→ **Required work**:
From the entries below, please output exactly the lines starting at the one containing "for i = 0 to h - 1 do" and ending at the one containing "For documentation purposes, I", both included.

→ **Records supplied**:
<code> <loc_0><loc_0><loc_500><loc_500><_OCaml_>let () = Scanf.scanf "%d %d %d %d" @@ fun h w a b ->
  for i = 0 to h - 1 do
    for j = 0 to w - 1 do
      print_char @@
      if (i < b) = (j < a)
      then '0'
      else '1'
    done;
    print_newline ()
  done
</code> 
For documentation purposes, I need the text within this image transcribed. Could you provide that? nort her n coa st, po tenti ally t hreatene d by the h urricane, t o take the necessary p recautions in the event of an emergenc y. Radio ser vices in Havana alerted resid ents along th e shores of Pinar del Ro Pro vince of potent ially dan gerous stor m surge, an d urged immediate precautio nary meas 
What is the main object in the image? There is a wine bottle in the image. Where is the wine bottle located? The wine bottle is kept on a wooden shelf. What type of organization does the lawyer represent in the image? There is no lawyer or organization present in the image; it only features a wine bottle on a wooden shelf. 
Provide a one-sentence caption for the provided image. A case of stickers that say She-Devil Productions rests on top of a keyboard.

--

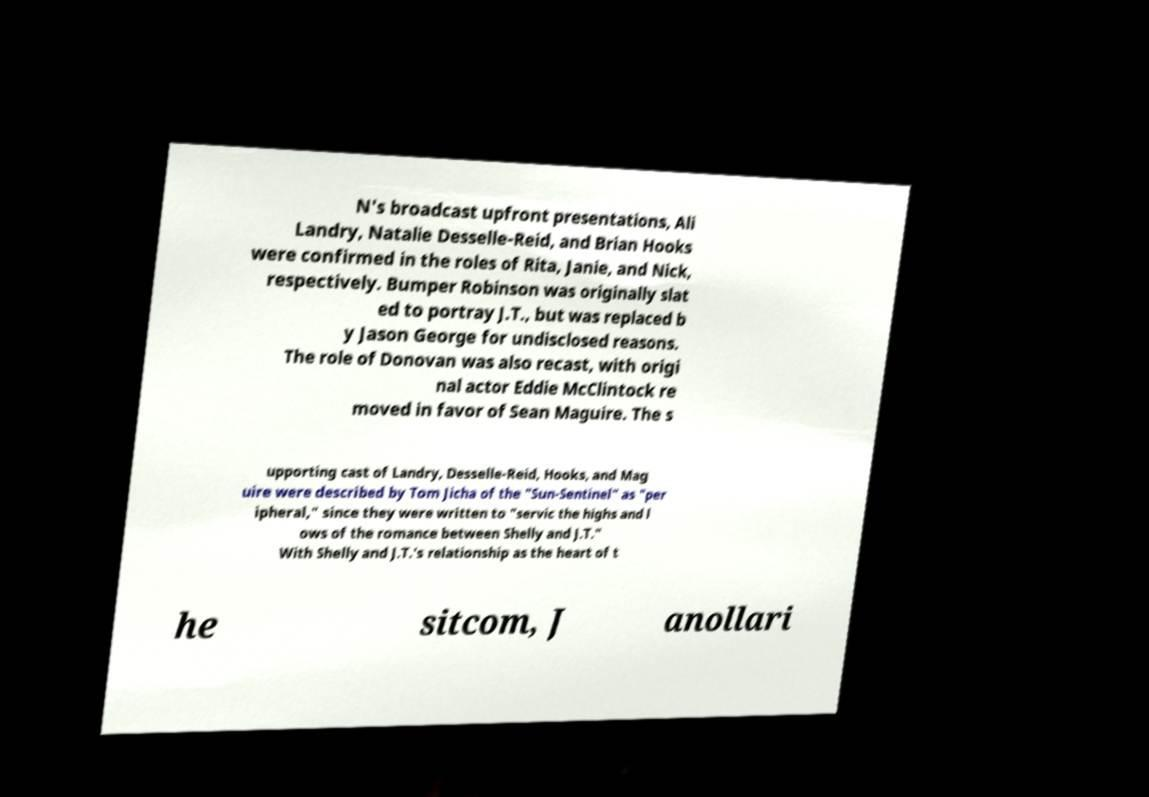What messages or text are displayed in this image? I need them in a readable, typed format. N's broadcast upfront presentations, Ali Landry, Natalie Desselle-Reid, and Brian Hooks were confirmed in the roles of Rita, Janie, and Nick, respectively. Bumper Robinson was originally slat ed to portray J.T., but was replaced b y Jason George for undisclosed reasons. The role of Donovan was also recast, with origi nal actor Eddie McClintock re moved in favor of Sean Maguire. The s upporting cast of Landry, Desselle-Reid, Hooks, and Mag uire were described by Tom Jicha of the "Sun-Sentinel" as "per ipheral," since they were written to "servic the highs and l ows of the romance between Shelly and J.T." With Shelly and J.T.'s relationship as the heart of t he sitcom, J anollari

→ **Finished exercise**:
  for i = 0 to h - 1 do
    for j = 0 to w - 1 do
      print_char @@
      if (i < b) = (j < a)
      then '0'
      else '1'
    done;
    print_newline ()
  done
</code> 
For documentation purposes, I need the text within this image transcribed. Could you provide that? nort her n coa st, po tenti ally t hreatene d by the h urricane, t o take the necessary p recautions in the event of an emergenc y. Radio ser vices in Havana alerted resid ents along th e shores of Pinar del Ro Pro vince of potent ially dan gerous stor m surge, an d urged immediate precautio nary meas 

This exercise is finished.